A common theme in the reviews was that it challenges only a particular method, CCS. In fact, our experiments involved multiple other unsupervised methods which all suffer the same issue, which is a general issue, and a hard one to solve. Similarly common was that our paper should have aimed to solve the problem. We wanted the scope of our paper to just be to show this general problem is real, rather than to solve it. This would require a completely different kind of work and a separate paper. We were commended for listing desiderata that our analysis suggests are necessary for a solution, each of which we believe represents a significant hurdle, i.e. there will be no easy solution here.

最终决定

This paper identifies key failure modes of unsupervised knowledge discovery methods for language models, in particular "Constraint-consistent Search," including the unique identifiability issue and sensitivity to prompt formats.
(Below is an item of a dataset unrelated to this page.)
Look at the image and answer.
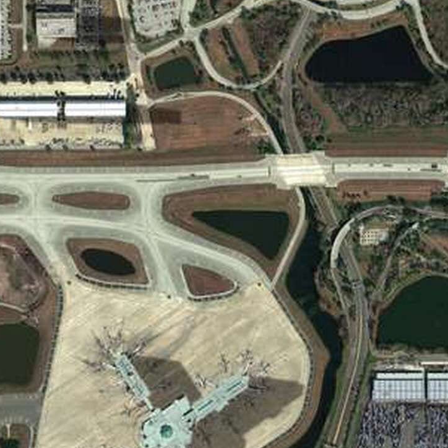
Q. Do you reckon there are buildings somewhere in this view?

Based on the reviews and discussions, the main concern is that while these observations are important, they align with well-established limitations of unsupervised learning methods and language models. As such, the findings do not offer significant new insights or surprises to the field.

Additionally, although the paper highlights these issues, it does not propose any solutions or mitigation strategies, leaving the contribution primarily diagnostic rather than constructive. leading to limited potential impact.